PROMPT: Copy out each line of the data holding "searchCallback".

[Records from a data collection]
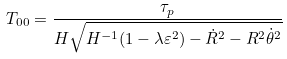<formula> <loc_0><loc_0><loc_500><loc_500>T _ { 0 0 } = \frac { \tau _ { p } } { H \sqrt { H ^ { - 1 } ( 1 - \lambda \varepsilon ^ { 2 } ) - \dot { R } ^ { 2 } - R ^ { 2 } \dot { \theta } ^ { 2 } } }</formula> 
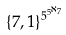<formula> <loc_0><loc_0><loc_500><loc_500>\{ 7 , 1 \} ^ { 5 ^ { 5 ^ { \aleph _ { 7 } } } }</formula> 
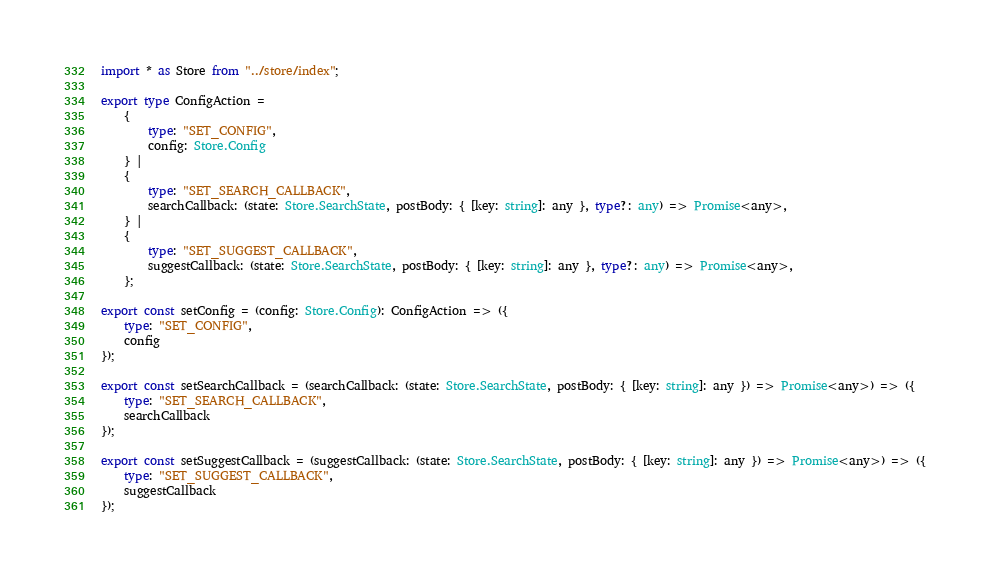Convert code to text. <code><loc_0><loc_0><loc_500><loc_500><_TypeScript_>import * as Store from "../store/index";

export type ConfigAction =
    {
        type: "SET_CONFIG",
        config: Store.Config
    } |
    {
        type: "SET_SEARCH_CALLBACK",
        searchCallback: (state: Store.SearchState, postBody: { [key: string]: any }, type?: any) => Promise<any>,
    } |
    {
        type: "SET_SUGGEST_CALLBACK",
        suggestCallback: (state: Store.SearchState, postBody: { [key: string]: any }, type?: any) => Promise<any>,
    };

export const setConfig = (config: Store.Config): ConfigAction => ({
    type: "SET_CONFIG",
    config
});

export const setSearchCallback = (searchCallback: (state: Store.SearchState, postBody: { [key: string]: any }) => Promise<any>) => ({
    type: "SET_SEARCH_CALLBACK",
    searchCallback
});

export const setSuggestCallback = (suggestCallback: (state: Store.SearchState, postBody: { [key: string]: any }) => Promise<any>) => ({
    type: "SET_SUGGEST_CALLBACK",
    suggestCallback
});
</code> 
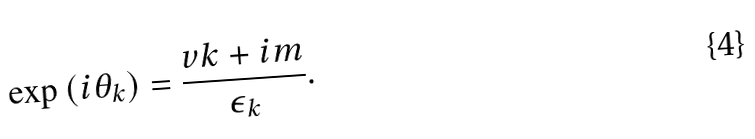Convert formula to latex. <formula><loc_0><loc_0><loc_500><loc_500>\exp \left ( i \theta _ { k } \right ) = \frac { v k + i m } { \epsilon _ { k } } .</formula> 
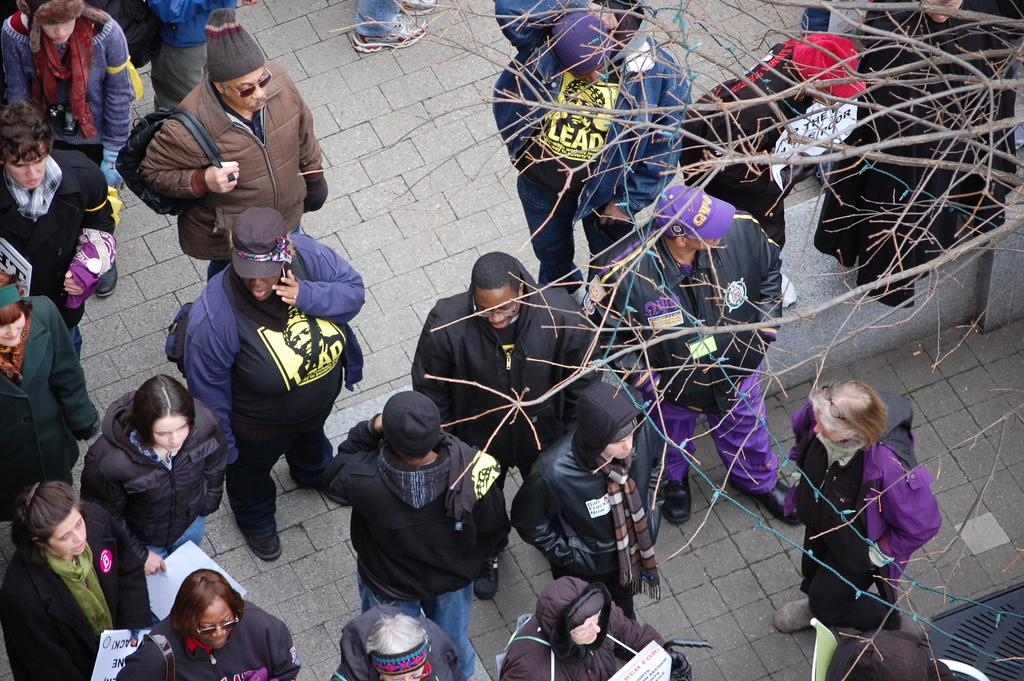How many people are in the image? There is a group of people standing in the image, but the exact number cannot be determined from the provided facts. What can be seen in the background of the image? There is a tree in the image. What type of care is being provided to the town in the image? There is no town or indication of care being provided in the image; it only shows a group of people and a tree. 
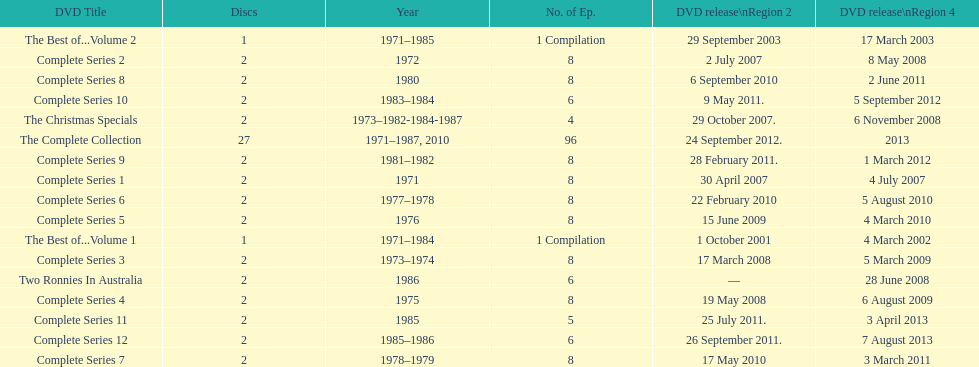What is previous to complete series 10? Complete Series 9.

EXERCISE SOLUTION:
        searchCallback: (state: Store.SearchState, postBody: { [key: string]: any }, type?: any) => Promise<any>,
export const setSearchCallback = (searchCallback: (state: Store.SearchState, postBody: { [key: string]: any }) => Promise<any>) => ({
    searchCallback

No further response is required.